Carol Altmann – The Terrier

Today is the final episode of Season One of House of Cards meets Warrnambool City Council meets Game of Thrones, where all the lines in the ever-thickening and outrageous plot come together and I lay it all out on the table.

The opening scene in this special, double episode is yet another corporate credit card – we are now up to number four – which has the same pattern of spending on the backs of ratepayers that has become so depressingly familiar: the dinners, the drinks, the endless coffees, the lunches, on and on and on.

I have been sitting on all of this information for a very, very long time, hoping the council would eventually throw open the windows, but it hasn’t and it won’t, so I am doing it for them.

I will start with credit card #4 and a snapshot:

Exhibit A is $98 worth of drinks at the Hairy Goat on a Friday night on 21 September last year, which is around the time when, supposedly, the council was cracking down on its credit card use after “discovering” the inappropriate and over-the-top spending of former tourism chief David McMahon.

Exhibit B is a $163 dinner for two people at the Warrnambool Hotel on a Saturday night, 26 May last year, which included a dozen oysters au naturale and, wait for it, a plate of eye fillet. (Whoever gets to play the eye fillet in the eventual movie of this saga is going to become a star).

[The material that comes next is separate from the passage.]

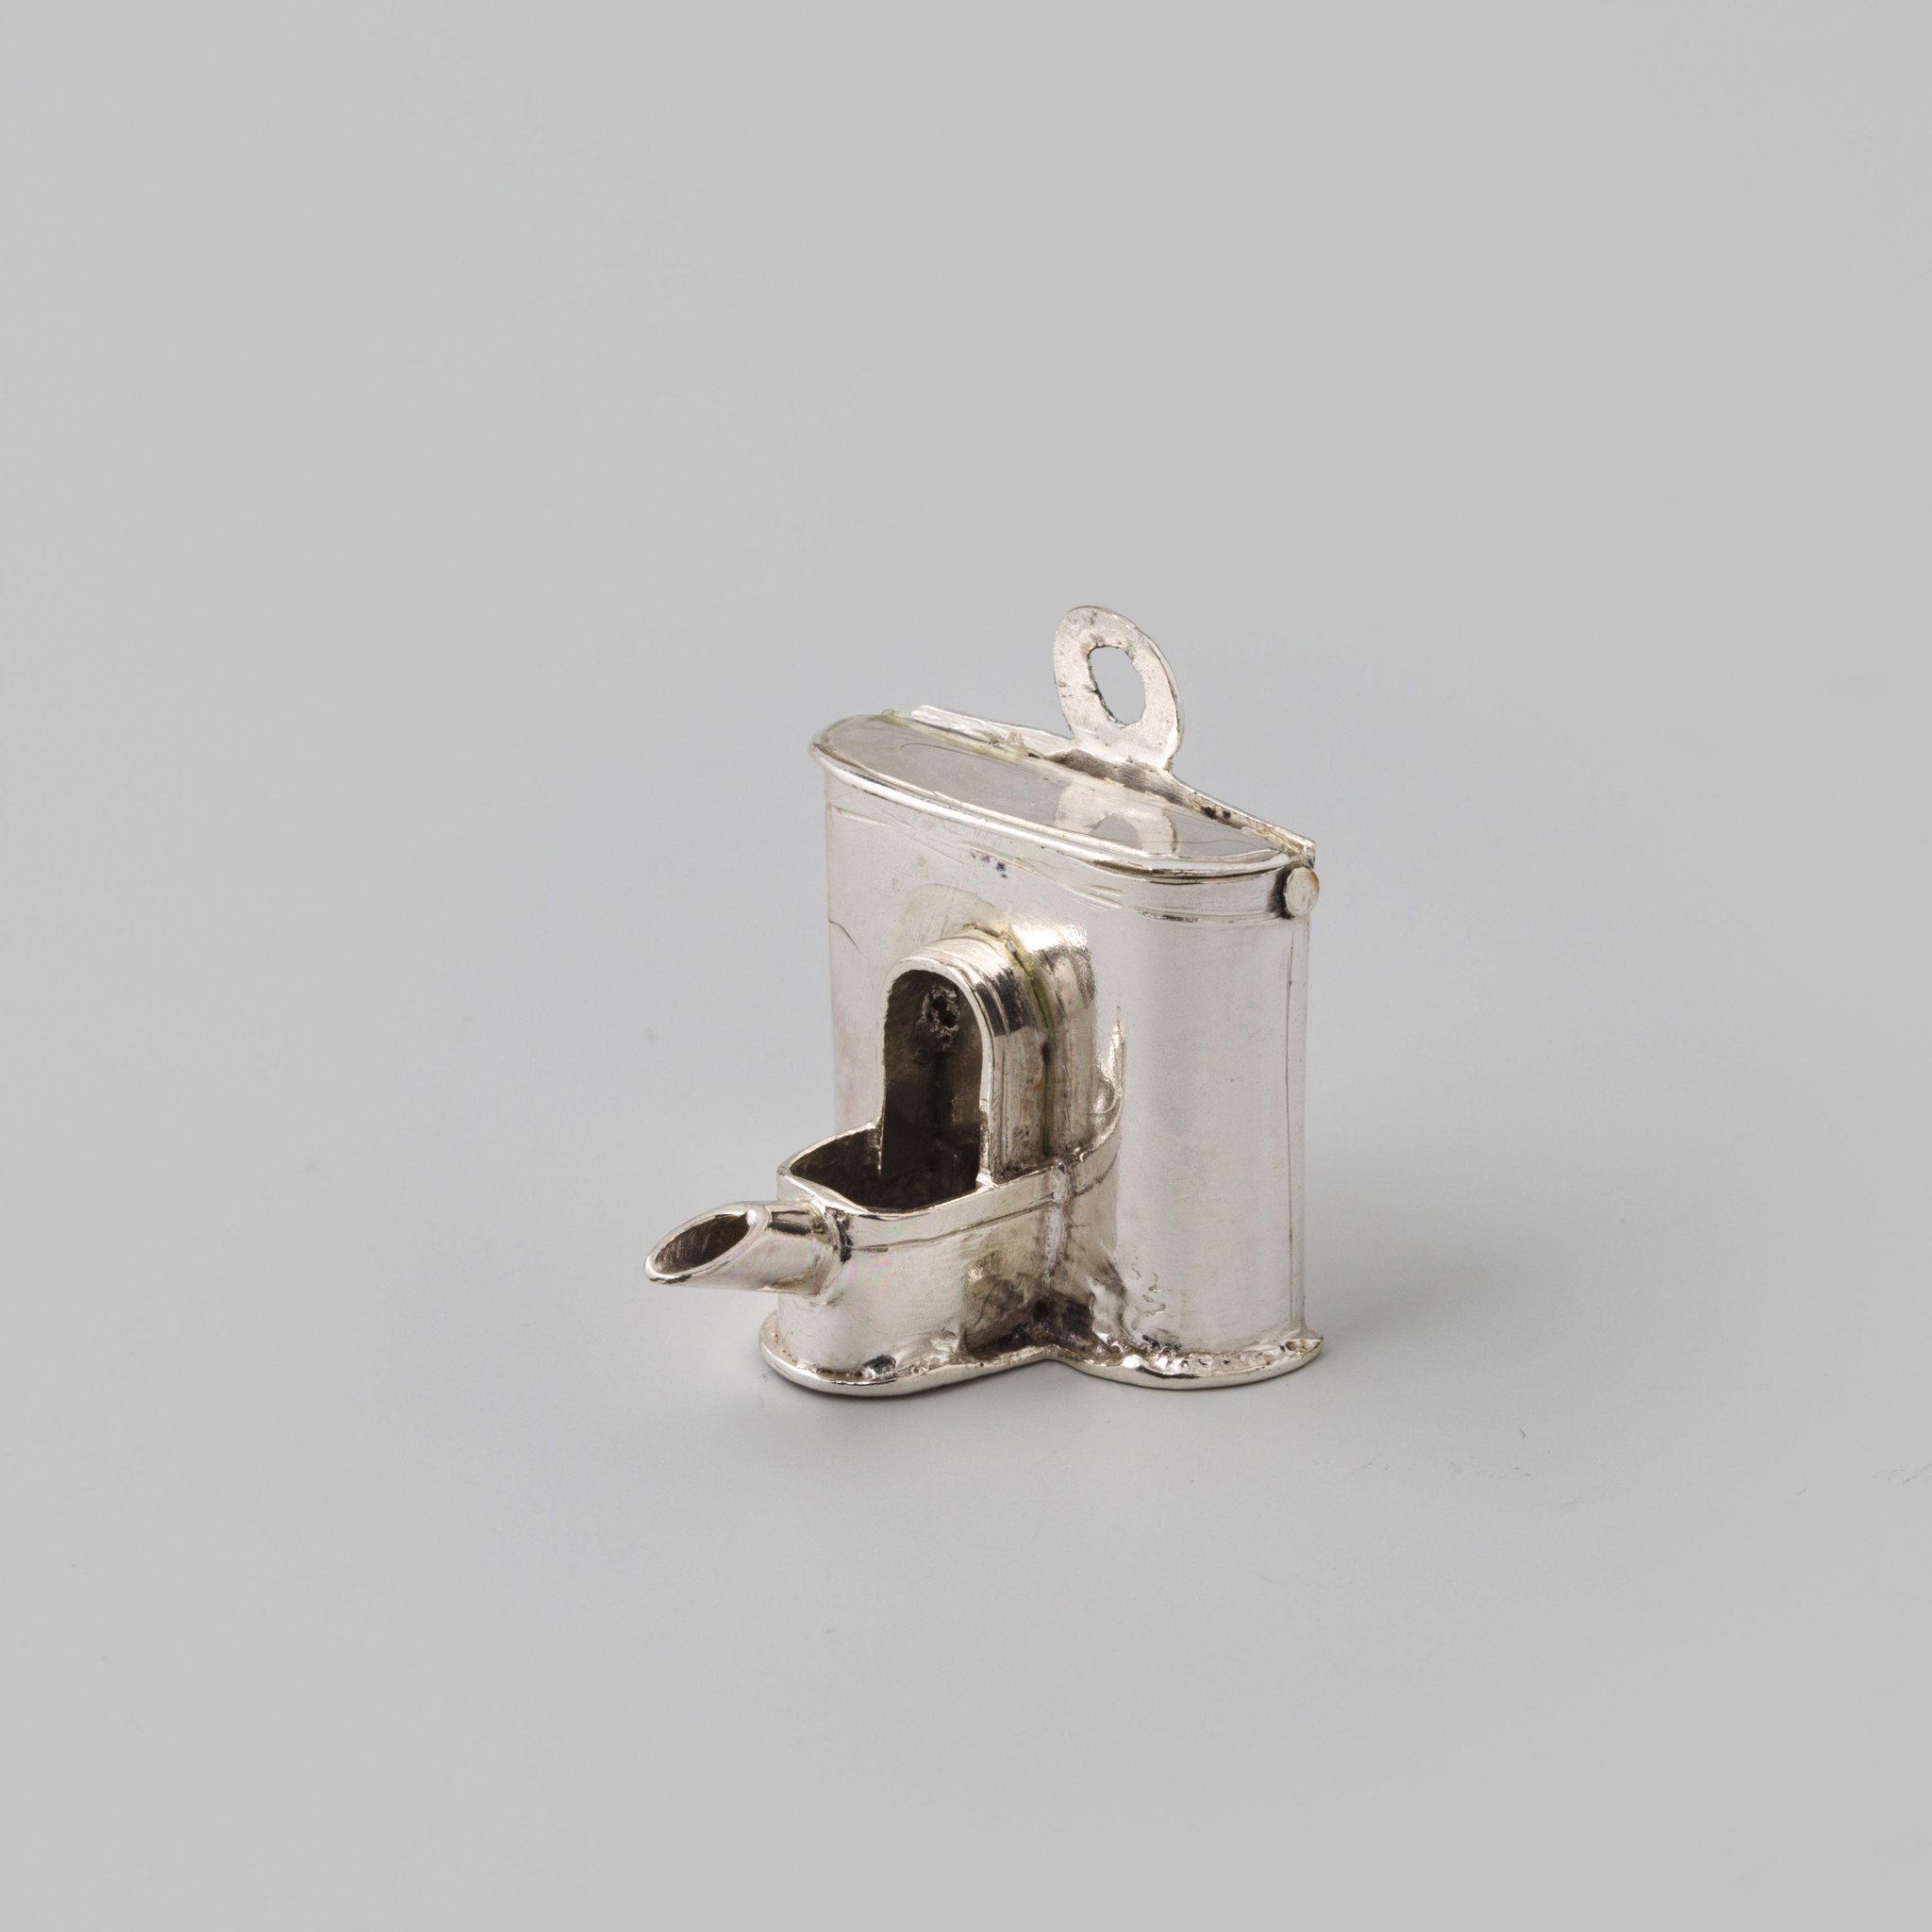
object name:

And then there is Exhibit C, a receipt from 10 December last year – after the council re-wrote its floppy credit card policy – where two people spent $105.30 on dinner at the Japanese cafe Gyoza Gyoza in Melbourne, of which $44.90 was soaked up by a bottle of pinot gris (with two glasses).

This outing was enjoyed just a week after the council decided to apply to break the rate cap and bump our rates up by 4.5% this year and the next.

What a ****** cheek.

Like you, I have had a gut full of the excuses and the ducking and weaving and hiding behind Utopia inspired spin that does nothing to comfort ratepayers that this long age of entitlement, slack governance and lack of accountability is well and truly over.

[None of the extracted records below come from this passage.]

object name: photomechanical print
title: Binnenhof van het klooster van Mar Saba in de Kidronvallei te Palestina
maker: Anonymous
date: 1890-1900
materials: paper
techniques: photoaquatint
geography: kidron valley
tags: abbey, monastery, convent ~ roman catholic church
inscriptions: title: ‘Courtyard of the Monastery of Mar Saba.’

It needs to be rooted out and that’s why it’s time to name names.

Credit card #4 is held by the Manager of Economic Development and Investment Shaun Miller, he of the two jobs and who, after being named in relation to those two jobs, prompted an email from CEO Peter Schneider asking me not to name staff.

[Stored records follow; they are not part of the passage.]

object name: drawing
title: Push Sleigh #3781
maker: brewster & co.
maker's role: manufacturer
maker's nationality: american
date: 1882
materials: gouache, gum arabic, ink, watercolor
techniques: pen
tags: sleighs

I tried that tack, but the council has done nothing since to convince me that it intends to get to the bottom of the rot which runs so deep. (#notAllstaff)

In fact all the signs point to yet another cover-up, so the gloves are coming off, because my only motivation through all of this is to expose the truth. So here are some truths.

The accommodation invoice from the WCC delegation to the 2017 Victorian Tourism Conference at Flemington Racecourse.

Mr Miller travels around a lot. I can now reveal he is the mystery man who, you may recall and according to an invoice paid for by his former colleague, Mr McMahon, arrived two days early, on a Saturday, for a conference in 2017 that was held at the Flemington Racecourse which, on that Saturday, was hosting a major racing event.

A coincidence? Maybe, because our council thrives on coincidence.

Certain people don’t like me naming Mr Miller. When I wrote about his two jobs, there was a barrage of abuse and behind-the-scenes threats, perhaps because these people suspected that I knew more than I was writing about publicly. They were right, I did. More about that shortly.

I have not had any direct response from Mr Miller about his credit card use, however I did get another polite email on his behalf from Mr Schneider last Friday night, but it said nothing new and provided no explanation for the receipts above.

Mr Miller’s spending is signed off by his superior, Director City Growth Andrew Paton.

Mr Paton is the owner of credit card #3.

This is the card that was used, among many other things, to pay for the $1476 dinner at Pippies, and the $700 dinner at the Myrtle Kitchen which included five bottles of wine at $79 a bottle.

Mr Paton was very polite in his response to my emailed questions last week, but he is gagged from answering me directly, such is the council’s tight grip around the throats of those who might wish to talk to journalists.

If he could have spoken to me, Mr Paton might have explained the purpose of the boozy Myrtle Dinner which was attended by four people, including himself and Cr Sue Cassidy.

Cr Cassidy is another name that is significant to this story because Cr Cassidy is one of two councillors on the council’s Audit and Risk Committee. This committee is important because, well, it is designed to keep an eye on audit and risk, ie. the use of public money.

This is the committee that has just been put in charge of the external audit into the use of council credit cards.

You guessed it, Barry the Bullshite Detector has been having a meltdown.

So let’s paint the picture: Mr Paton is the boss of Mr Miller and was the boss of Mr McMahon and was the manager responsible for signing off on all the questionable spending on their credit cards, while at the same time using his own credit card to pay for a long, boozy dinner attended by Cr Cassidy who is a member of the council Audit and Risk Committee that will now oversee the investigation into those cards.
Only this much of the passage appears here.